Other risk factors like climate change aren’t expected to have catastrophic consequences in 2014, even though the long term consequences are dire. Instead, factors like water shortage, already being felt in overpopulated countries like India, are likely to cause instability in the near future. Already firms are reluctant to invest in certain parts of South Asia where the water shortage problem is acute. Those regions are seeing unrest resulting from income and social inequality. Same holds true for the factor of financial instability rising out of runaway inflation. While Zimbabwe is an extreme case, most developing nations are facing high inflation. Central banks have hiked interest rates to combat the problem, but that has hit growth.

The good news is the United States economy is growing. The New York Stock Exchange has seen impressive gains in the last six months, and so has corporate America. For most developing countries, the US is the biggest export market so this is good news for them. Amidst a general feeling of gloom,some European firms have also delivered. Not surprisingly many of them are based in Germany, Europe’s economic powerhouse. SAP AG’s revenue from software and software-related services grew in double digits over the last four years, and is set to grow over 6% in 2014. Its HANA suite gained over 800 clients, twice as much as initially predicted.

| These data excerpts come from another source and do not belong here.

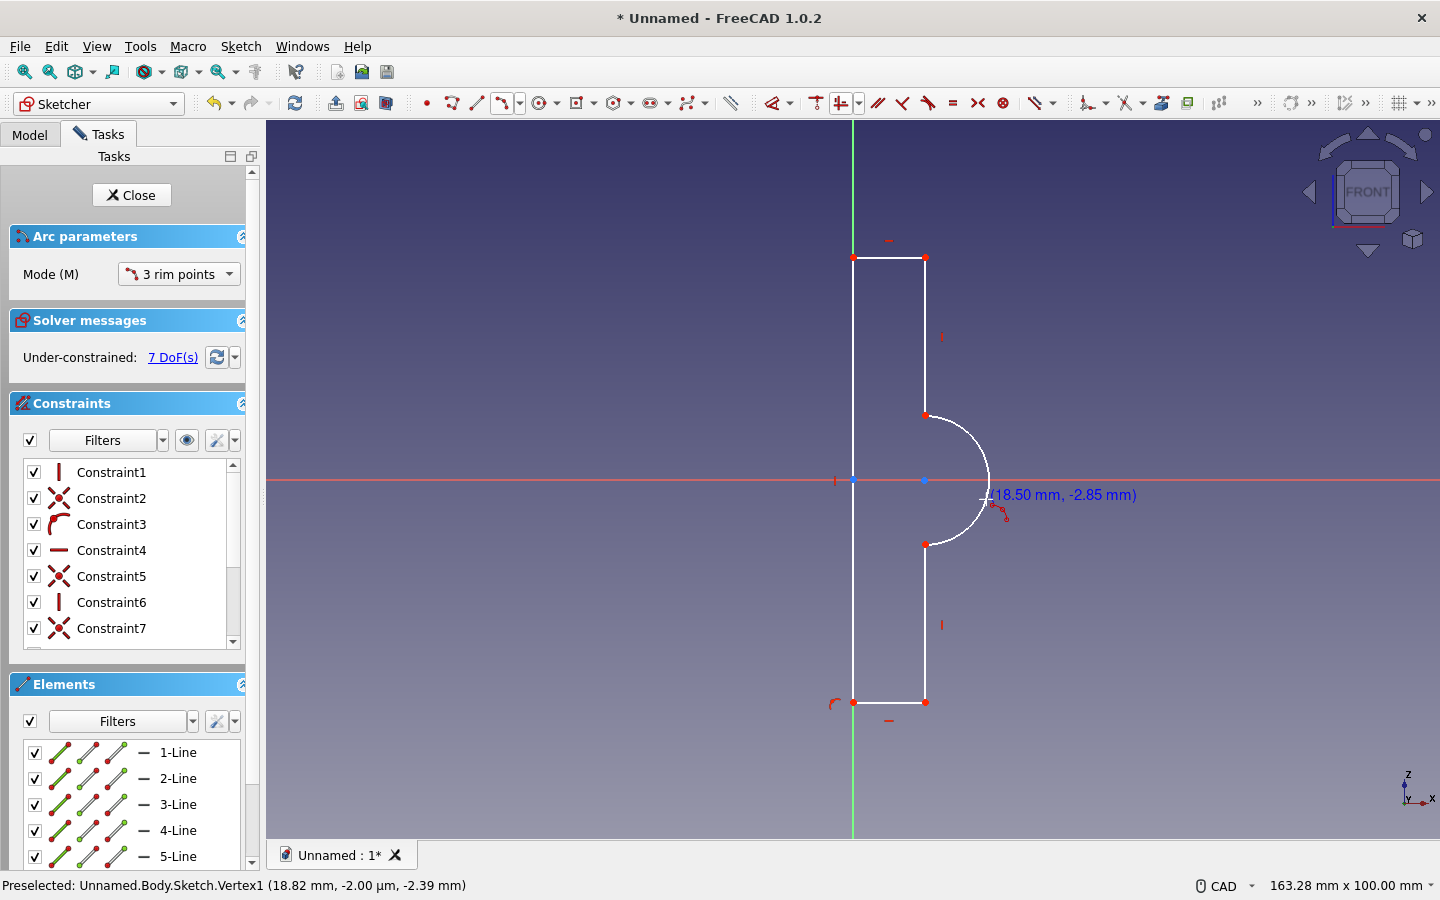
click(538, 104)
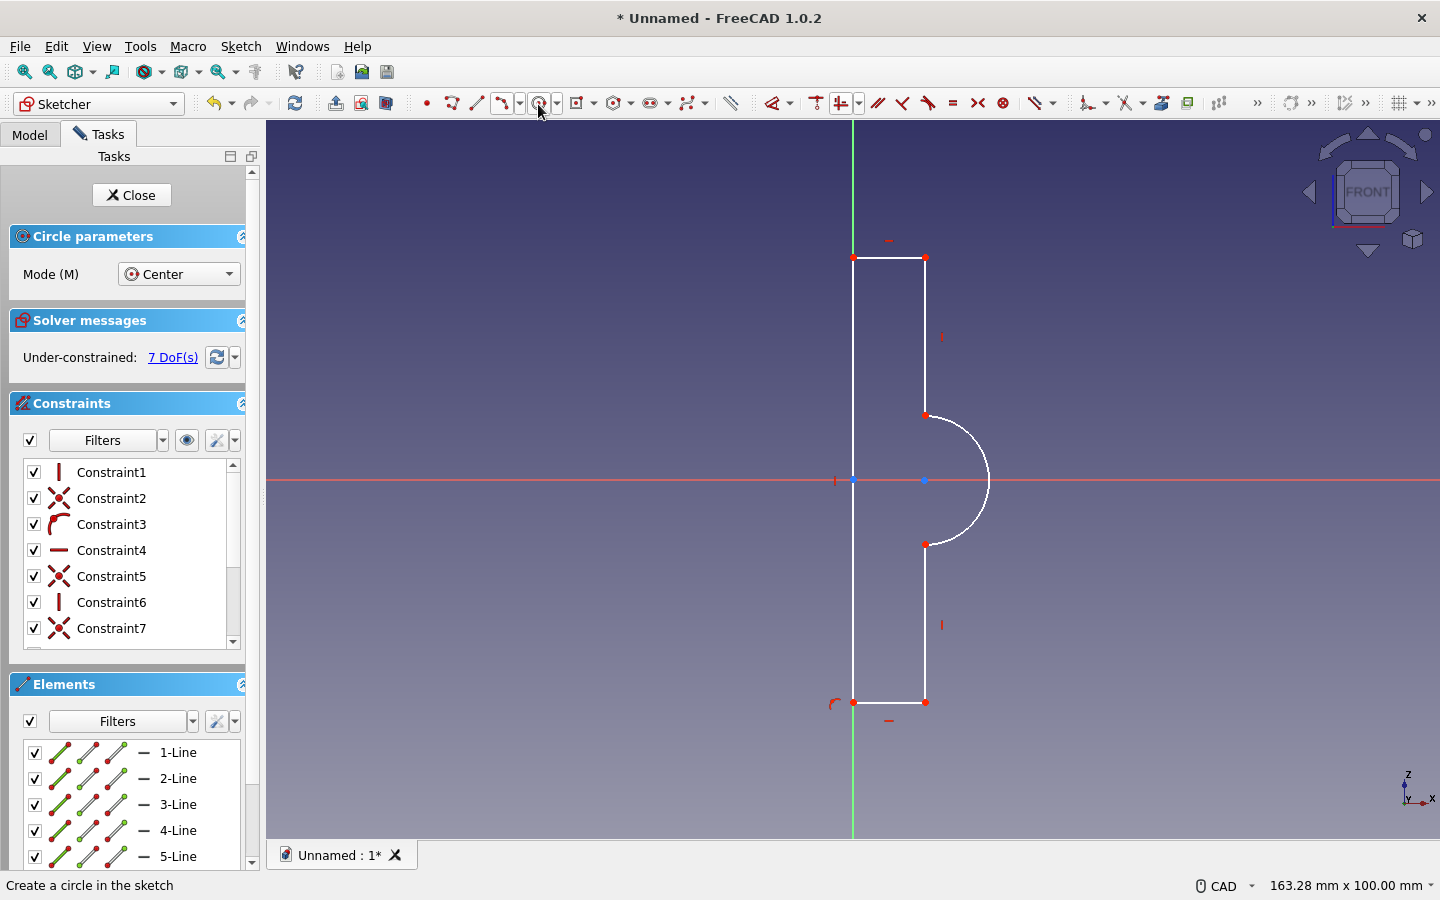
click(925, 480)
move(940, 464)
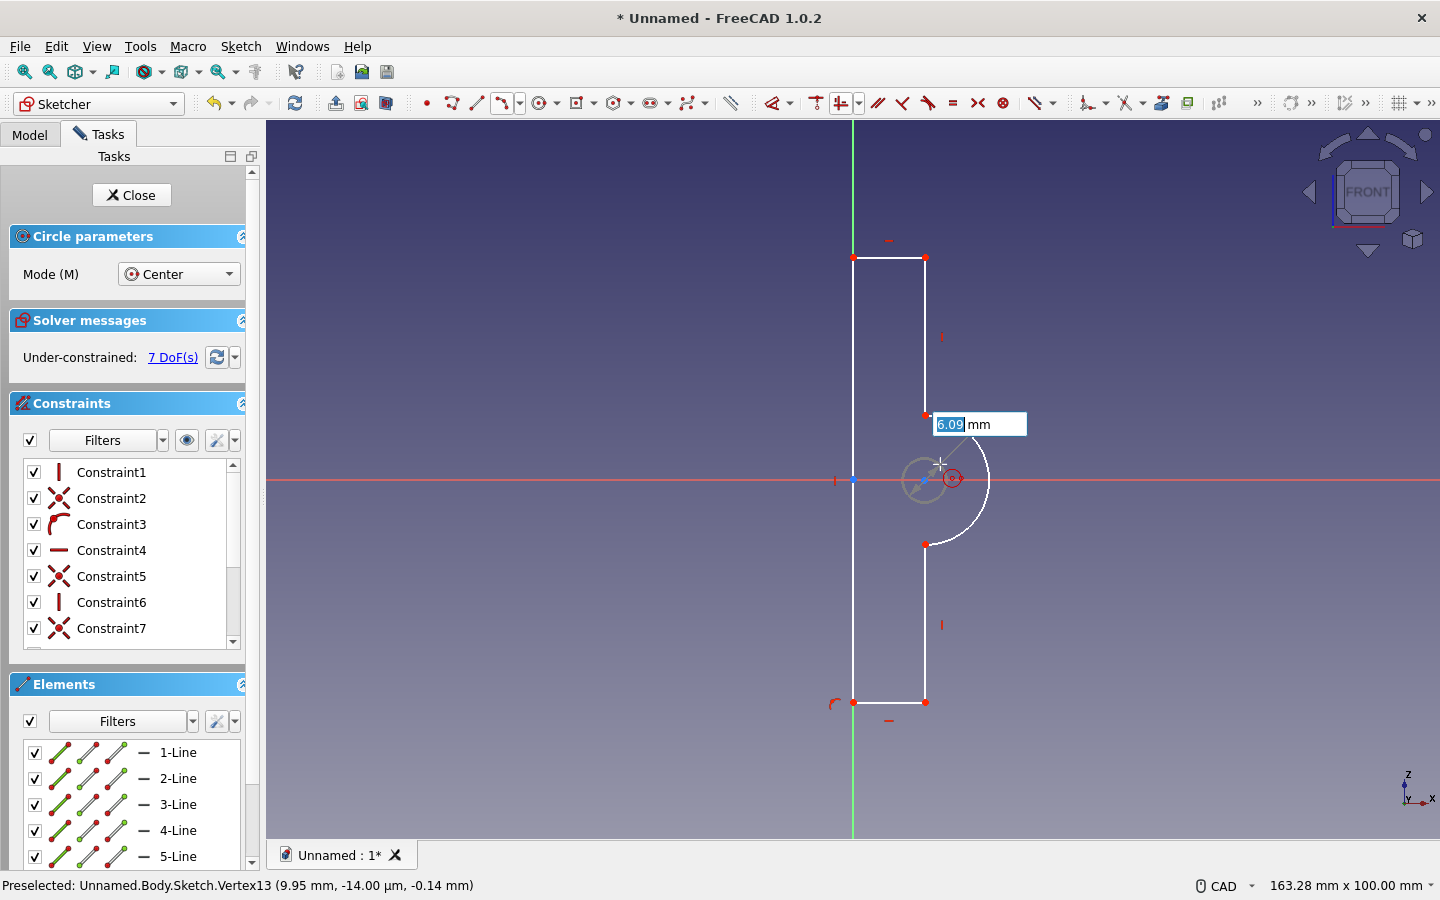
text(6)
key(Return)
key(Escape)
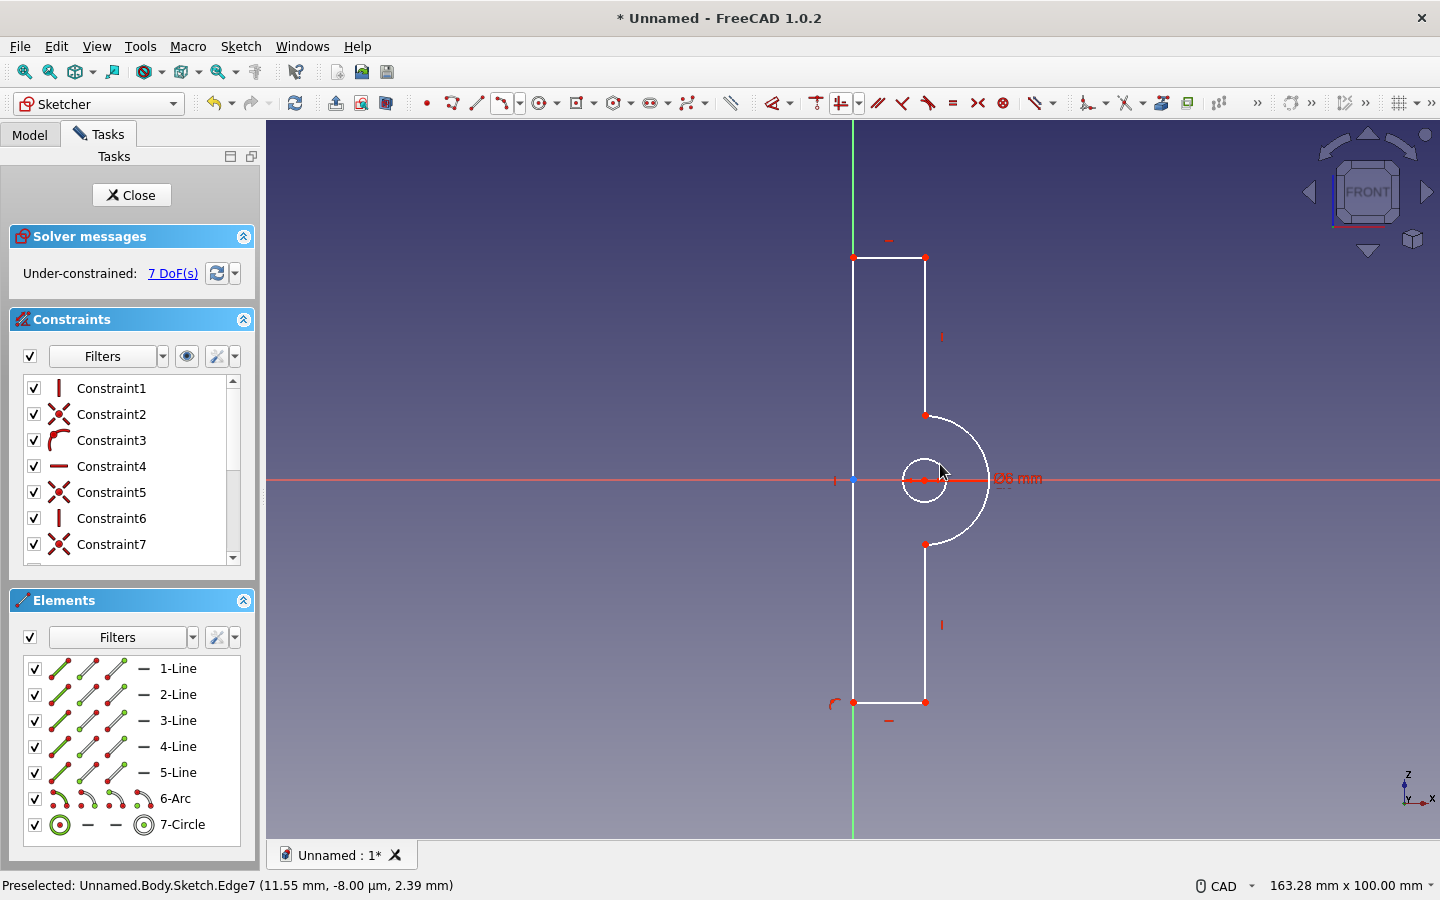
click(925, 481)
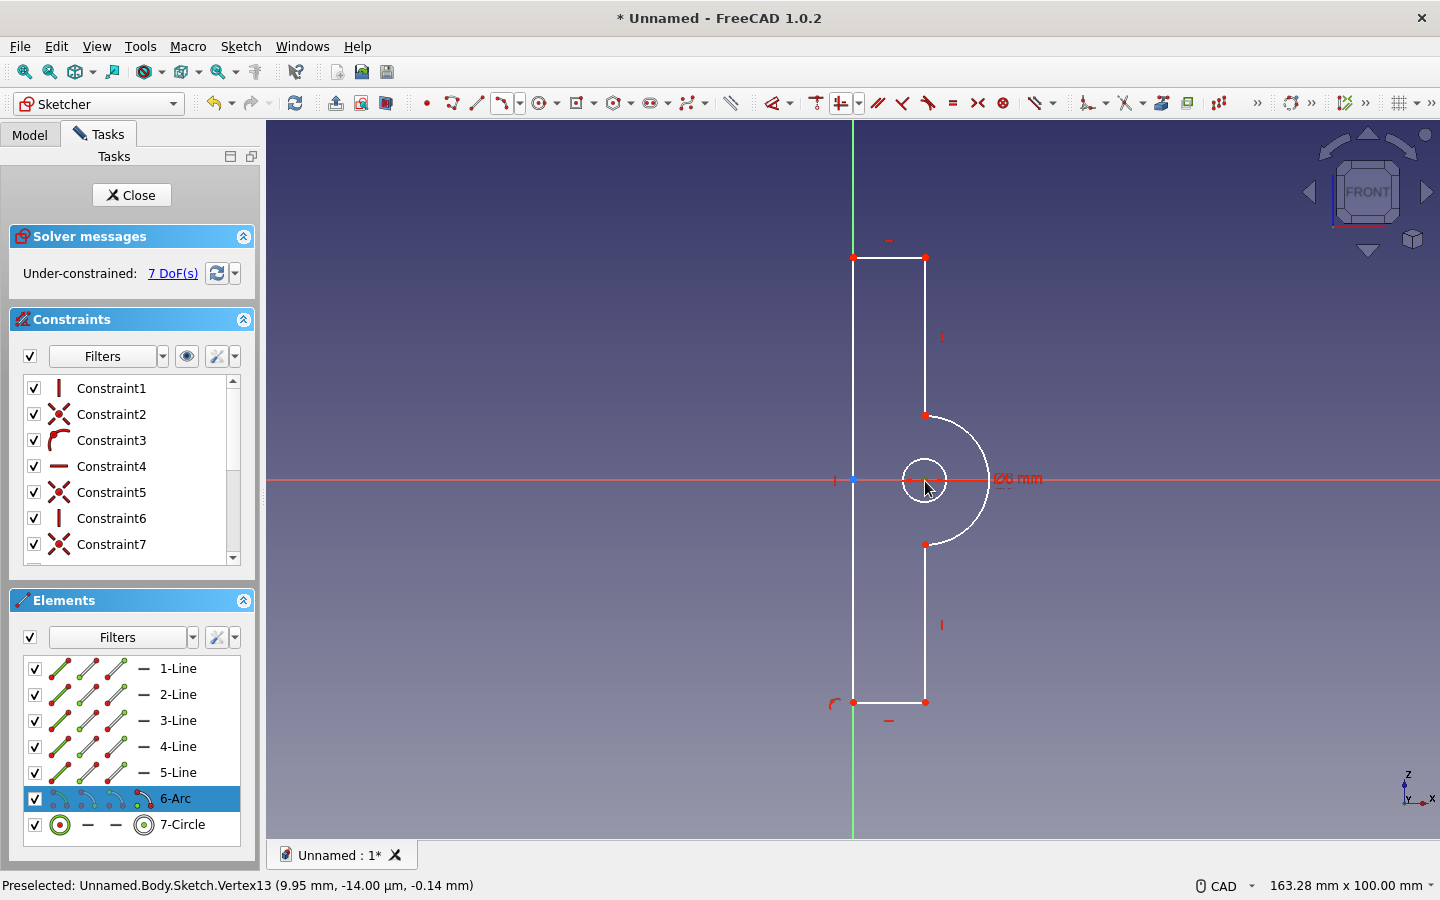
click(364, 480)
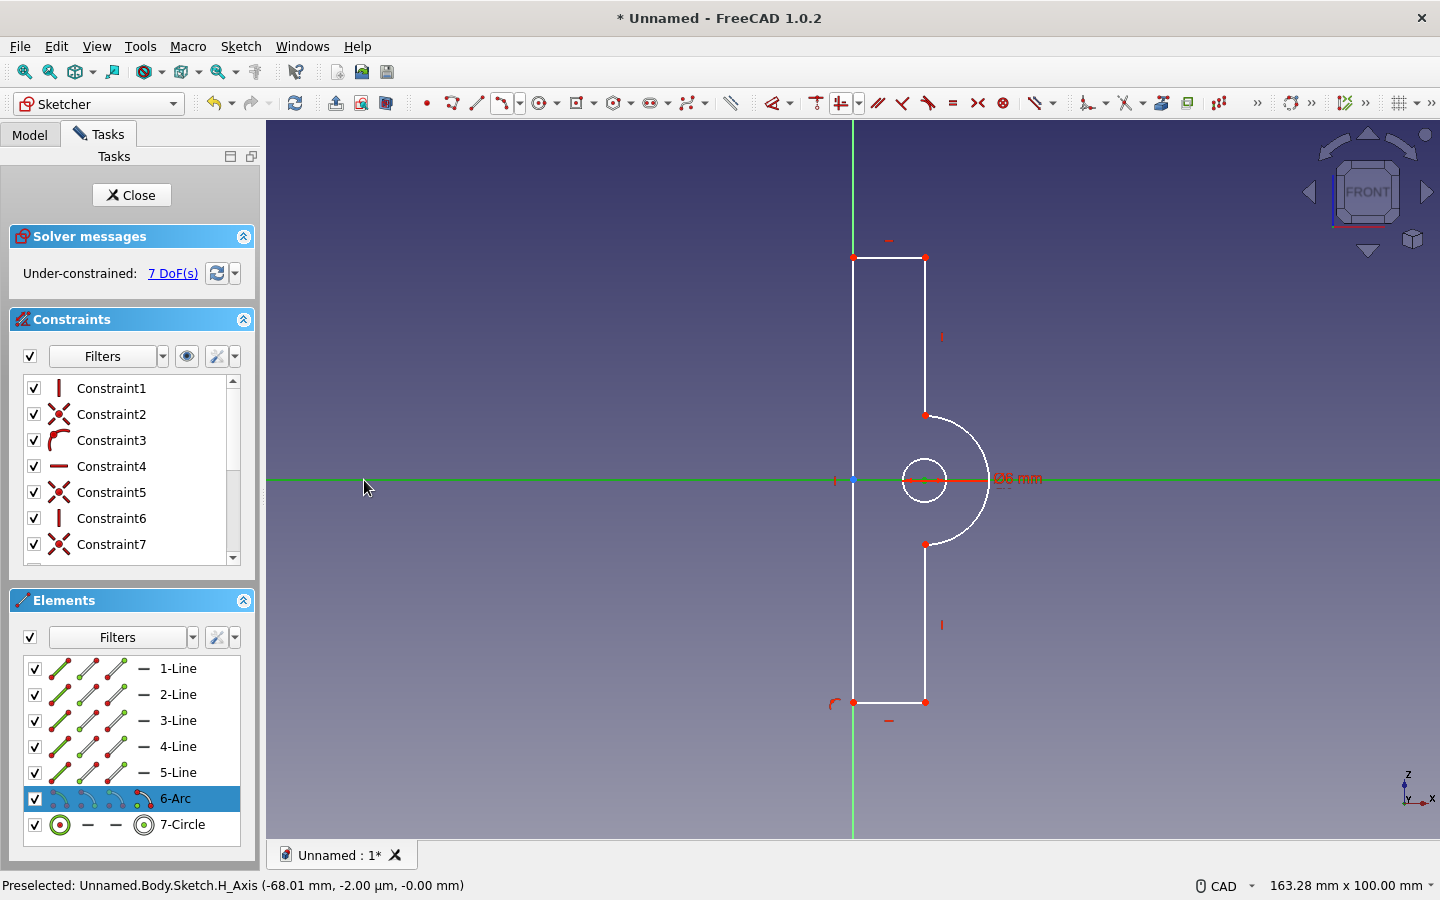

Daimler AG, the maker of Mercedes-Benz cars, and Audi also grew their sales in an otherwise fragile euro-economy.

Over the long run, mitigating global risks will require governments to create an environment conducive for entrepreneurs and businesses to grow. Germany is an example of that. For developing countries, maintaining a fine balance between inflation and growth will remain a challenge this year. One way to manage it is to cut red tape and make it easier for local businesses to grow and compete with multinational counterparts.India is trying to attract more foreign investment to tackle its infrastructure issues and has relaxed its investment rules. Korea is pushing towards a innovation society with its ‘creative economy’ approach and policy of supporting start-ups. On the corporate side, SAP is partnering with over 1,000 start-ups to help them analyze customer trends and make the right decisions for their business. Countries and companies that support entrepreneurship and generate a friendly eco-system have much to gain in 2014 and will be prepared to better deal with global risks.